TASK DETAILS: For the data below, tally how many lines contain "size" and answer only with that tally.

GIVEN INFORMATION:

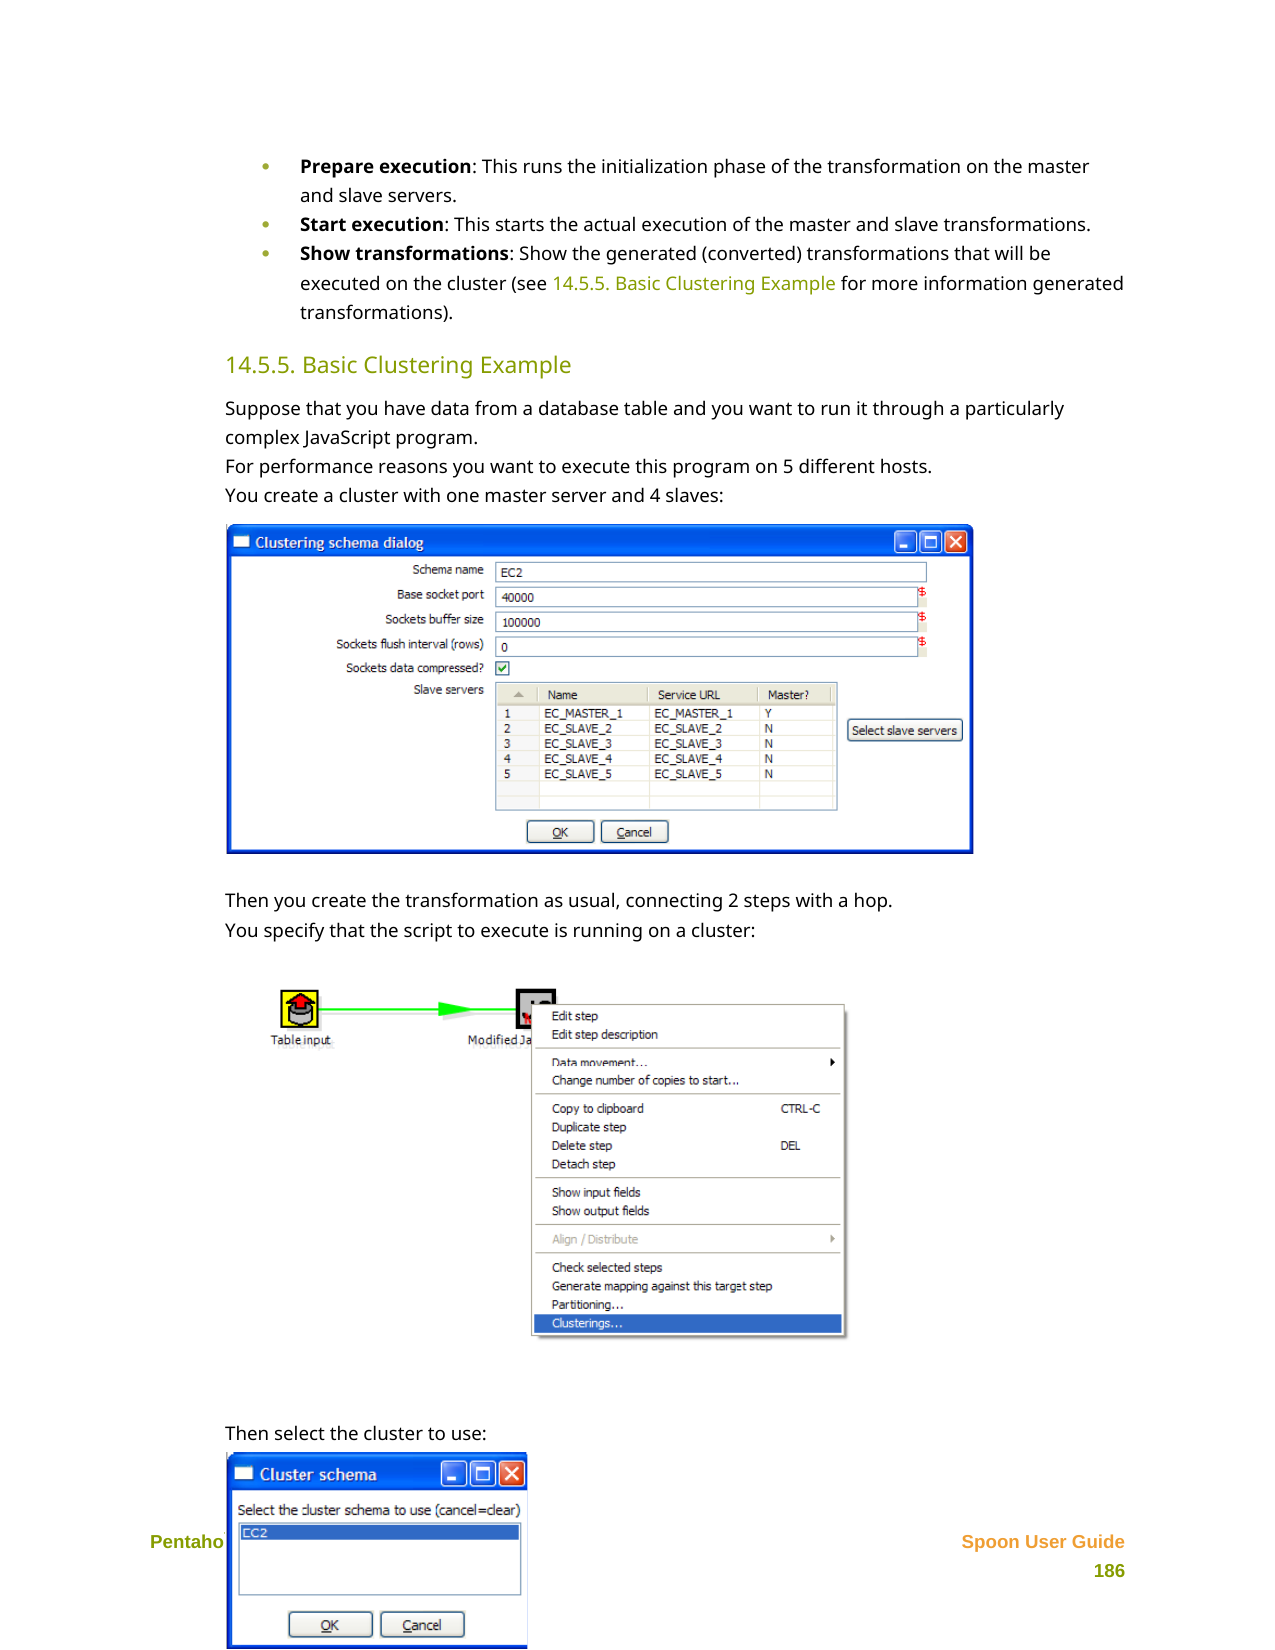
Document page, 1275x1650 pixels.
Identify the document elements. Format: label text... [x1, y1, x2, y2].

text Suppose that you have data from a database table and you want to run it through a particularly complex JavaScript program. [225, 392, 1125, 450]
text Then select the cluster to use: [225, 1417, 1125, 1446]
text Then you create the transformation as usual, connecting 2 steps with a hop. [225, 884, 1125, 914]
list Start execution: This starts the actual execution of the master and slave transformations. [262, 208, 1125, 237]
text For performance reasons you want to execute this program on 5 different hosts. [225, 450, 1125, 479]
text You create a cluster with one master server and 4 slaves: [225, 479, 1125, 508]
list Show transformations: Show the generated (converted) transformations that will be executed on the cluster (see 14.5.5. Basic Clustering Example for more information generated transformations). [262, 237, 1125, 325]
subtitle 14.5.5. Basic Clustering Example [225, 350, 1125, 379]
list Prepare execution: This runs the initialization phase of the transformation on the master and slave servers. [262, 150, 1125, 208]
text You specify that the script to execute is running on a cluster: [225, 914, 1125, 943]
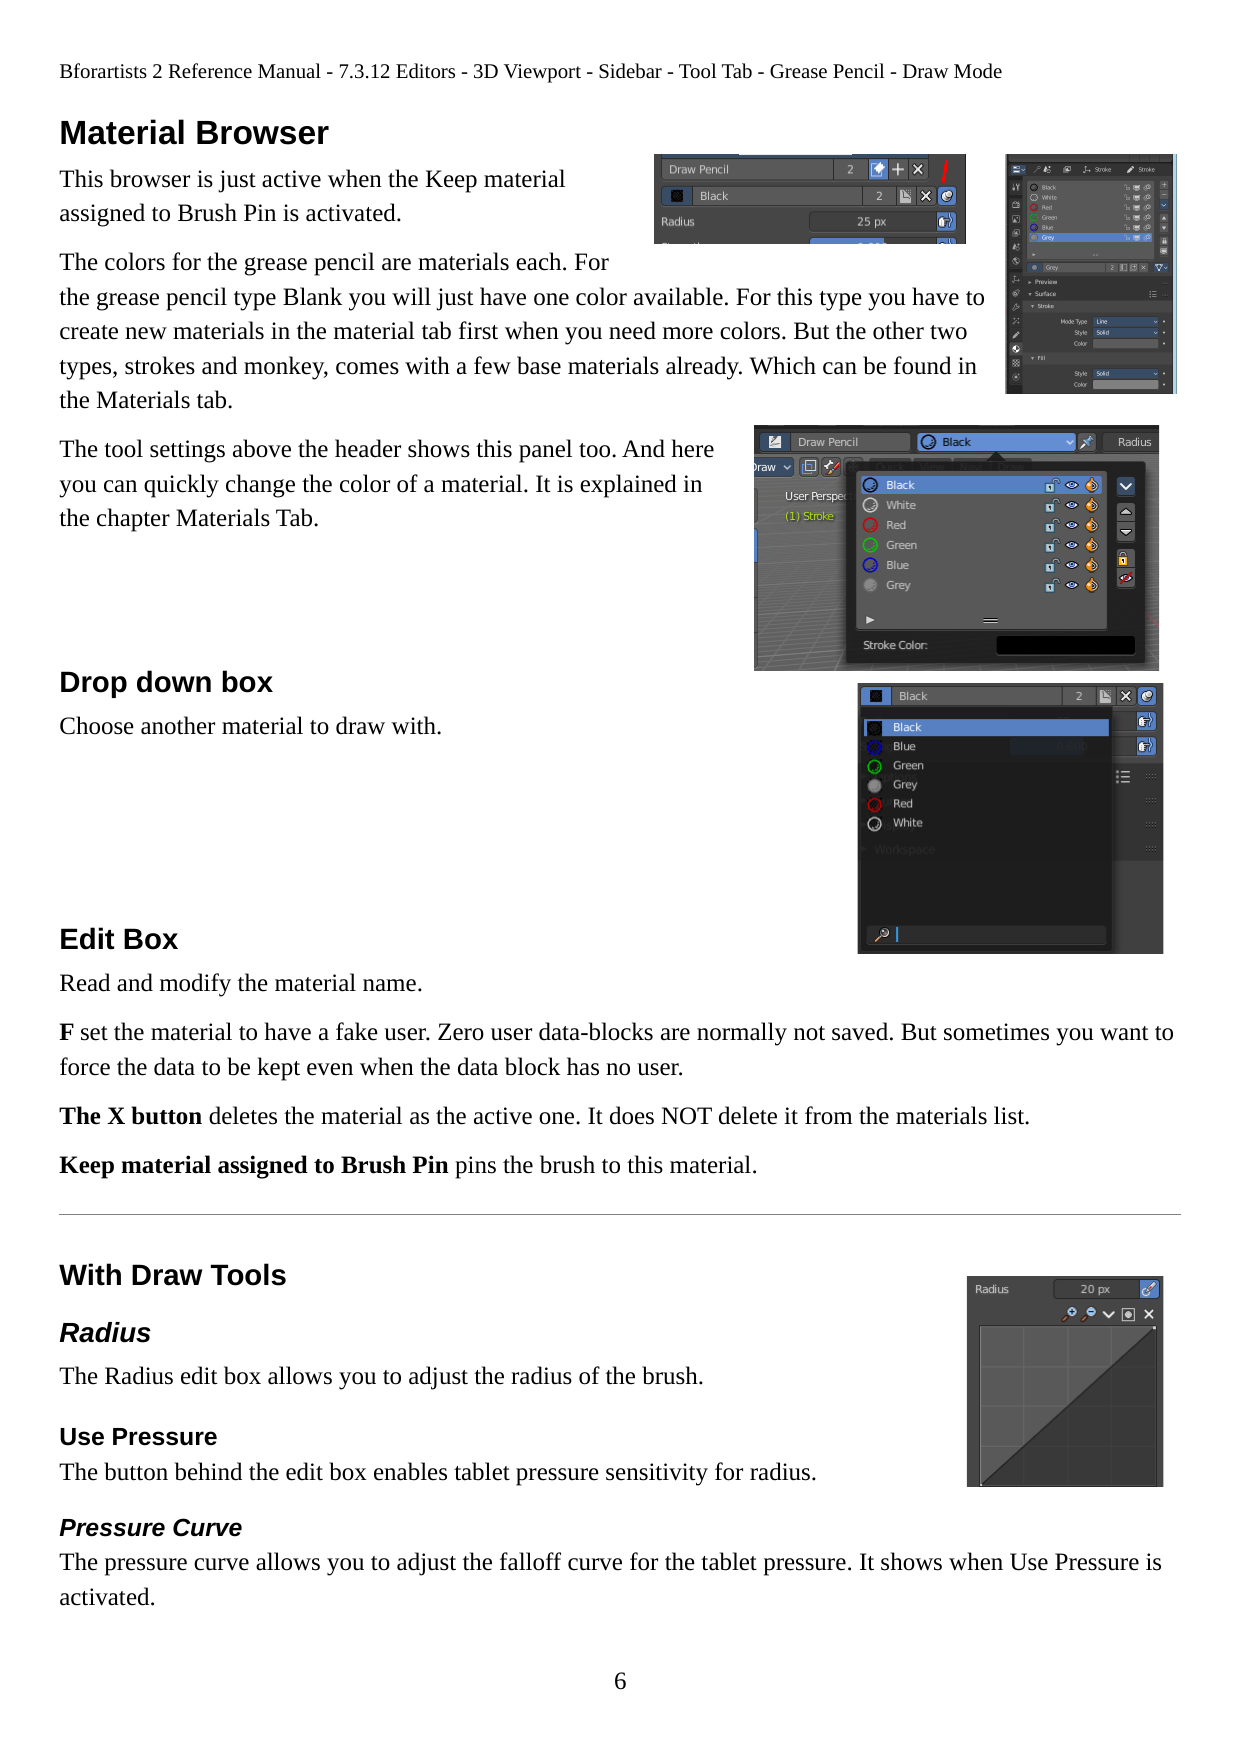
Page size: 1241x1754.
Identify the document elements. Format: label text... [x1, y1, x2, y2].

...

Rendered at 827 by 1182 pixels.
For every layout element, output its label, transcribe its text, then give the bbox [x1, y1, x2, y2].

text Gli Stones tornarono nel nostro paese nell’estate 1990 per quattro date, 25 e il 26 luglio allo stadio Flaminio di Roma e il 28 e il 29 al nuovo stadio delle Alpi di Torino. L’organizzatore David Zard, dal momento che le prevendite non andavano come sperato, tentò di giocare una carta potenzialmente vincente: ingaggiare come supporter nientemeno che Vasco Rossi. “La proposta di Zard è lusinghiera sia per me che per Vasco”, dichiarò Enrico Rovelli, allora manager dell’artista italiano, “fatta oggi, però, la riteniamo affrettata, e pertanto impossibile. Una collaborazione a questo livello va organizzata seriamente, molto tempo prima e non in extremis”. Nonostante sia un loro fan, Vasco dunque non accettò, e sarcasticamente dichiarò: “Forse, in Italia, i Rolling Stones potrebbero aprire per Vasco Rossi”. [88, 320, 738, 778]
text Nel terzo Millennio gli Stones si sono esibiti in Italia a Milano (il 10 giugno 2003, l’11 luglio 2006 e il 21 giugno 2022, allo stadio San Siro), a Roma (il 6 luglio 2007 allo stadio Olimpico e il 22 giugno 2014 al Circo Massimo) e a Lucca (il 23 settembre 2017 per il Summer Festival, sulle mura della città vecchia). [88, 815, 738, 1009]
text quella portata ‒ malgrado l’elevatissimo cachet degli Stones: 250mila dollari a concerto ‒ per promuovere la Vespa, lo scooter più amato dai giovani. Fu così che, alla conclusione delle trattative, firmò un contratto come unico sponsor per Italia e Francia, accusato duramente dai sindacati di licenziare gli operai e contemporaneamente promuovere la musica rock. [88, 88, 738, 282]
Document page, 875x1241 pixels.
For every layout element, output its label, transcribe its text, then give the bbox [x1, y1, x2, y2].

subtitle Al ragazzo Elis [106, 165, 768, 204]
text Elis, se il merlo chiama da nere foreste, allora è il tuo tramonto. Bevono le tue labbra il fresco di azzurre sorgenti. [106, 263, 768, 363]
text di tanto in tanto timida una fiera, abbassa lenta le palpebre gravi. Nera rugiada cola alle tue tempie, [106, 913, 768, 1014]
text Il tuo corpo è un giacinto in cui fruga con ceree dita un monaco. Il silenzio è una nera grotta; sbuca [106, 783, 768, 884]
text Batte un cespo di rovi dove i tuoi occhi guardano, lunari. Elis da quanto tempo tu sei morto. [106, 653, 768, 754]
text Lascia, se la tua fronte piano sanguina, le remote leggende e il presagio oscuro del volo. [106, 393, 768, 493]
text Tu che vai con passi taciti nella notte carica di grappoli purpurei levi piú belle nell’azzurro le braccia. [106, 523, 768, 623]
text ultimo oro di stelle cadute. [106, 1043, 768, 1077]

==

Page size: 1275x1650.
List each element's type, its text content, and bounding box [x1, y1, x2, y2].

RESPONSE BELOW: 2